The Clio Awards announced last week that it was partnering with High Times to launch Clio Cannabis, a marketing and advertising awards competition for weed products. It’s a smart idea for both parties involved in the joint venture. Clio expands its reach, and High Times partners with a venerable brand to extend its quickly expanding empire and further legitimize weed as a no-big-deal way to unwind and treat a variety of ills. And with more agencies establishing marijuana divisions (Havas recently hung out the shingle on its weed practice), there should be no end of work to enter in the competition.
The news got me thinking about the state of play in cannabis marketing and advertising. My most frequent exposure to campaigns is the billboards I see when driving around Los Angeles, which I visit frequently. Some of the outdoor ads are great. Med Men’s Stoner campaign was a riff on Rolling Stone’s legendary Perception/Reality effort that started in the mid-1980s. And Weedmaps has run an outdoor campaign notable for being issue-oriented, addressing head-on some of the myths and misconceptions around legalizing pot.

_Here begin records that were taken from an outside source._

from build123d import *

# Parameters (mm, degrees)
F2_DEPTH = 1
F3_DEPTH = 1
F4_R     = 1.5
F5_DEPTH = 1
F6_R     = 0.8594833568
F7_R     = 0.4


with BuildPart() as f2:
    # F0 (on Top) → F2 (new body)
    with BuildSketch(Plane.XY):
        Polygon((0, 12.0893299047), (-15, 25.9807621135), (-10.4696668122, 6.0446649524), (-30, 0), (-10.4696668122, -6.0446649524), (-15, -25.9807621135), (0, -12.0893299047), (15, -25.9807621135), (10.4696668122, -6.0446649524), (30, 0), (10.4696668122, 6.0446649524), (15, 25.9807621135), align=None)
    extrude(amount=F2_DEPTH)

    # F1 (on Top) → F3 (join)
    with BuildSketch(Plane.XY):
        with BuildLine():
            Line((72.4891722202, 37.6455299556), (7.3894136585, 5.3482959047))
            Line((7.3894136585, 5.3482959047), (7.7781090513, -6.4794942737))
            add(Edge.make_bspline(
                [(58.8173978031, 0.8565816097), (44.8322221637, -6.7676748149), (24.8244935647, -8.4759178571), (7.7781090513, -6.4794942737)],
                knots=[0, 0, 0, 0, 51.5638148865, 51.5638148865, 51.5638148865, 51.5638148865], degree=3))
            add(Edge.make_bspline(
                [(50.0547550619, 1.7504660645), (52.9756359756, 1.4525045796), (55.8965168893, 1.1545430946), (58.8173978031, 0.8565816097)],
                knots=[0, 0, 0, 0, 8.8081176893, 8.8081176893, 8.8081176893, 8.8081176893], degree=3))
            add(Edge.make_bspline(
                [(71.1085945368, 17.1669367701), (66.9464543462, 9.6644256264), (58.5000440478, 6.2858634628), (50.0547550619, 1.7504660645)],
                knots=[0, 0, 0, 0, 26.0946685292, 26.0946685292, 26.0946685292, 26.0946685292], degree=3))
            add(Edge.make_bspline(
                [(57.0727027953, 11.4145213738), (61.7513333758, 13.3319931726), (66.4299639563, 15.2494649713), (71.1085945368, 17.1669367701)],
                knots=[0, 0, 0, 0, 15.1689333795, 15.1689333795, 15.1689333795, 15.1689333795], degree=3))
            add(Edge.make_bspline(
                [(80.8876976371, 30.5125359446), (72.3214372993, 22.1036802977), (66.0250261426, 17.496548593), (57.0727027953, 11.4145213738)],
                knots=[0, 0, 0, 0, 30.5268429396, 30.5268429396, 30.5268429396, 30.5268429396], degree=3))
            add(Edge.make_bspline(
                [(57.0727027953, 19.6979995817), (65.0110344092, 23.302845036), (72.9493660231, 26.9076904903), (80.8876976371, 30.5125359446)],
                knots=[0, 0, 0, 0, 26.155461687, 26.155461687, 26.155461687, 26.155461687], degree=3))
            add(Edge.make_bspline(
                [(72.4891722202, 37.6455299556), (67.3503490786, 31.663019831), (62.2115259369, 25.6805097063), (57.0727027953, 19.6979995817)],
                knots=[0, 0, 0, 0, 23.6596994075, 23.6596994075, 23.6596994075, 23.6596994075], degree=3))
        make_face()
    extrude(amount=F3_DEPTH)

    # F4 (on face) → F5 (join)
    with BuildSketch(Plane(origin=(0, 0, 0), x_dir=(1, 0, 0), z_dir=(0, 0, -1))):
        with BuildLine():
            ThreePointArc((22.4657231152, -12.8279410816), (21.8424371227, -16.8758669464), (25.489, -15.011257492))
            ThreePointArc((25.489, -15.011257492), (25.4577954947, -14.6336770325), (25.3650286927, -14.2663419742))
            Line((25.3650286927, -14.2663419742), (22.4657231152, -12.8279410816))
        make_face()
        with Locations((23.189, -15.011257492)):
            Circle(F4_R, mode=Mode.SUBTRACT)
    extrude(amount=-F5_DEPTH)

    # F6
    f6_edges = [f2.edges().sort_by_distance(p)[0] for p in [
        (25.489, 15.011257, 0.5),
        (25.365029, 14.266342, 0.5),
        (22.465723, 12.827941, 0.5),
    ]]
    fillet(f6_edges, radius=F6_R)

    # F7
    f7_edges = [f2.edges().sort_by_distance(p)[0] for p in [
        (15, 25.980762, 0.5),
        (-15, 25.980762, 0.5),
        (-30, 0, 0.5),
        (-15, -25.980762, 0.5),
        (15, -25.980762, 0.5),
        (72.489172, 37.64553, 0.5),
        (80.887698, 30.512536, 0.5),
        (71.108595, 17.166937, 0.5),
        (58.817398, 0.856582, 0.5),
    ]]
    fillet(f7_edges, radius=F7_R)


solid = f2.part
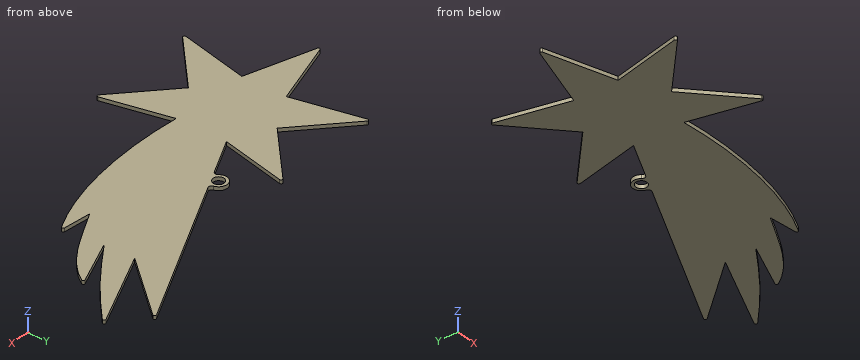
Can you work these out from the model? Positions are in its coordinate system, mm. Round coordinates to 2 decimals unless told otherwise and drop trailing zeros. Write each loop counter-clockwise with the first axis right and the second up, starting at its lowest first coordinate (ties: lowest second). Pieces come first, ordered by that corner, then holes. Notation, with made-up numbers: (23, -3) -> (36, -3) arc R18 cw to (36, 22) -> close; hole circle Ø3 at (-24.75, 21.5). An arc over 180 degrees is marked (long way). Use one line per item in the form item = value. Start each with the question number.
Q1. Imagine slicing it at B-B (x = 8.5). Please give me the cut outline in (y, z).
Q2. Imagine slicing it at A-A (x = 66). Count the separate pieces of the cut face and the enclosed holes in it, then the cut area to 3 significant figures.
Q3. If I drill on probe 1 along X at (y, z) = (19.5, 0.45); probe 2 along Y at (x, z) = (68, 0.5); probe 3 along Y at (x, z) = (23, 0.6), over which ranges is the centre line in solid material (lowest first)? Write a range as [from, to].
Q4. Imagine slicing it at C-C (x = -17). Please give me the cut outline in (y, z).
Worked out:
q1.outline = (-19.96, 0) -> (19.96, 0) -> (19.96, 1) -> (-19.96, 1) -> close
q2.separate_pieces = 3
q2.enclosed_holes = 0
q2.area = 14.3 mm^2
q3.probe_1 = [-13.53, -8], [8, 13.53], [35.91, 68.37]
q3.probe_2 = [12.98, 15.89], [19.21, 24.66], [32.42, 35.42]
q3.probe_3 = [-7.23, 13.52], [16.5, 17.3]
q4.outline = (-4.02, 0) -> (4.02, 0) -> (4.02, 1) -> (-4.02, 1) -> close

I love that these ads treat both cannabis and the viewer maturely, as if weed were just another product, one that has been around and in use for a long time. Notably absent are the stoner wink-and-nod, elbow-in-the-ribs puns and gags that make so much of the marketing—and discourse—around cannabis feel so sophomoric. Cheech and Chong aren’t relevant any more, and Harold and Kumar can use an app to order from White Castle. Beer and wine ads never say the product is going to alter your consciousness; why should marijuana ads? The stuff makes you high: we get it. Still, a preponderance of the work looks like it took its prime inspiration from Grateful Dead concert posters, circa 1968, or from a reggae album—lots of Rastafarian color schemes.